A plain-text file recording timestamped messages written during program execution. Used for debugging, auditing, and verifying that a program ran correctly. Extension: .log

Parquet

A binary columnar file format optimized for large datasets and analytical queries. More efficient than CSV for large data. Common in data engineering pipelines. Extension: .parquet

YAML (YAML Ain't Markup Language)

A plain-text format for configuration files, similar to TOML but more flexible. Common in CI/CD pipelines (GitHub Actions uses .yml files). Extension: .yml or .yaml

Tabular Data

Data organized into rows and columns, like a spreadsheet or database table.
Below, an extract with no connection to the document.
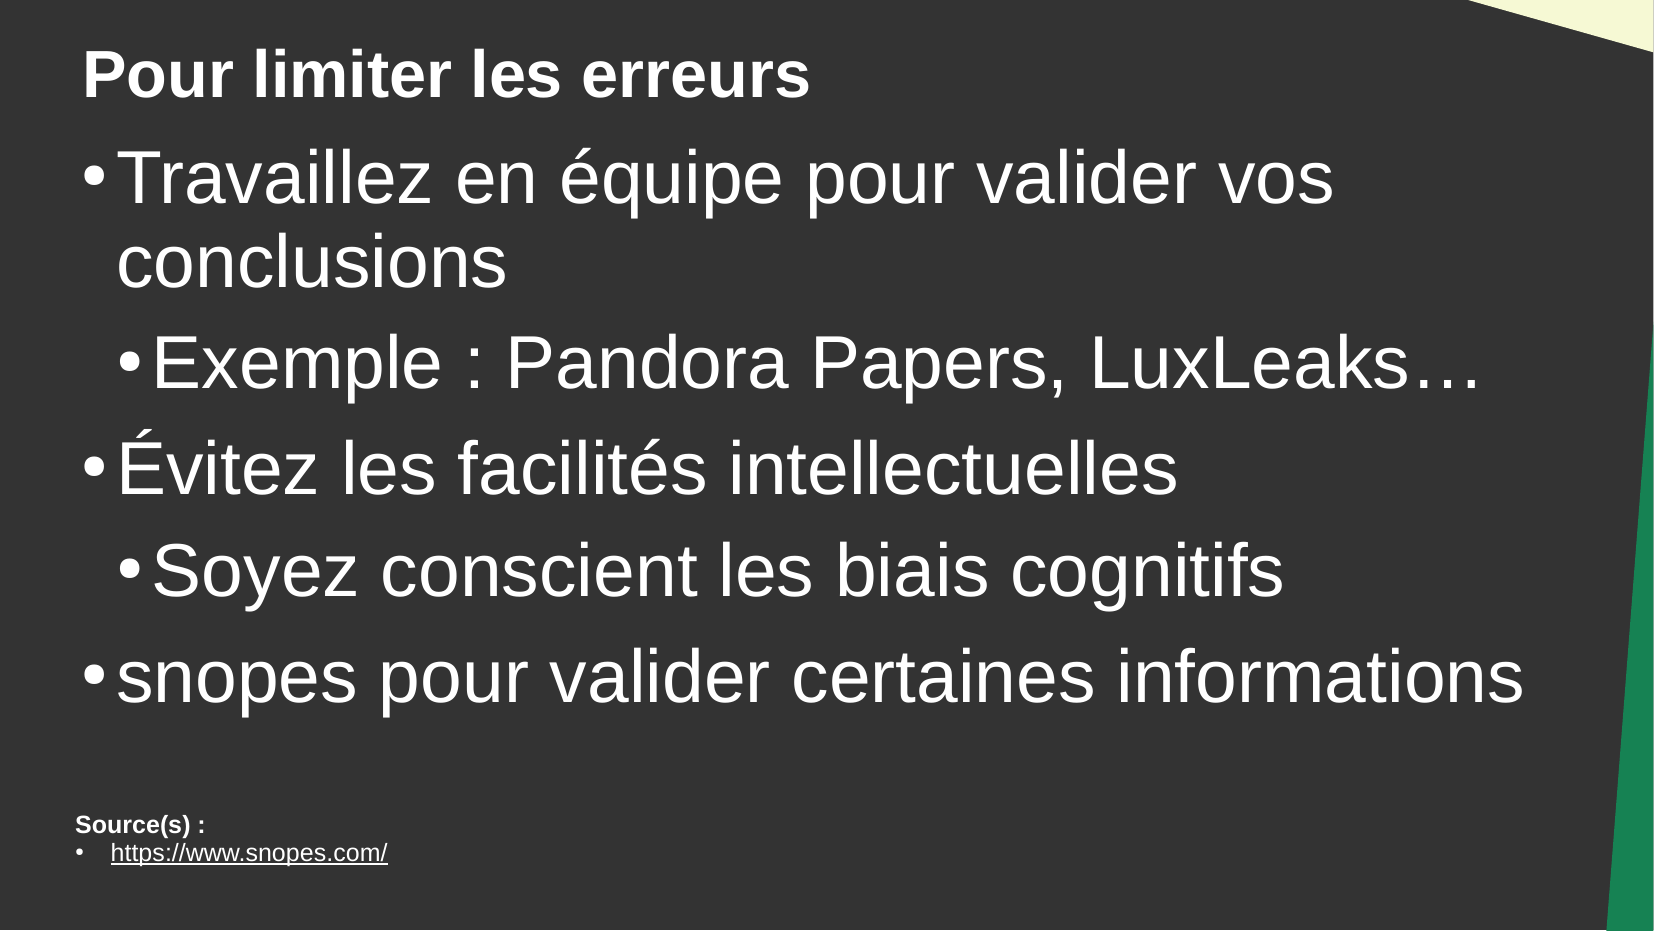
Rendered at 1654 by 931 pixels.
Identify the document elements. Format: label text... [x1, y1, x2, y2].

CSV is the most common plain-text format for tabular data.

Header Row

The first row of a CSV file containing column names.

Record

A single row in a tabular dataset representing one observation or event.

Field

A single column in a tabular dataset representing one attribute of each record.

Delimiter

The character used to separate fields in a text file. CSV uses comma; TSV uses tab. Other delimiters (pipe |, semicolon ;) also exist.

Encoding (UTF-8)

The system used to represent characters as bytes in a text file. UTF-8 is the standard encoding for many files. Encoding mismatches cause garbled characters when reading files.

Binary File

A file stored in a non-human-readable format (example: Parquet, Excel .xlsx). Requires specific tools to read and write. Cannot be opened meaningfully in a text editor.

Plain Text File

A file stored as human-readable characters (example: CSV, JSON, Markdown, TOML). Can be opened and read in any text editor.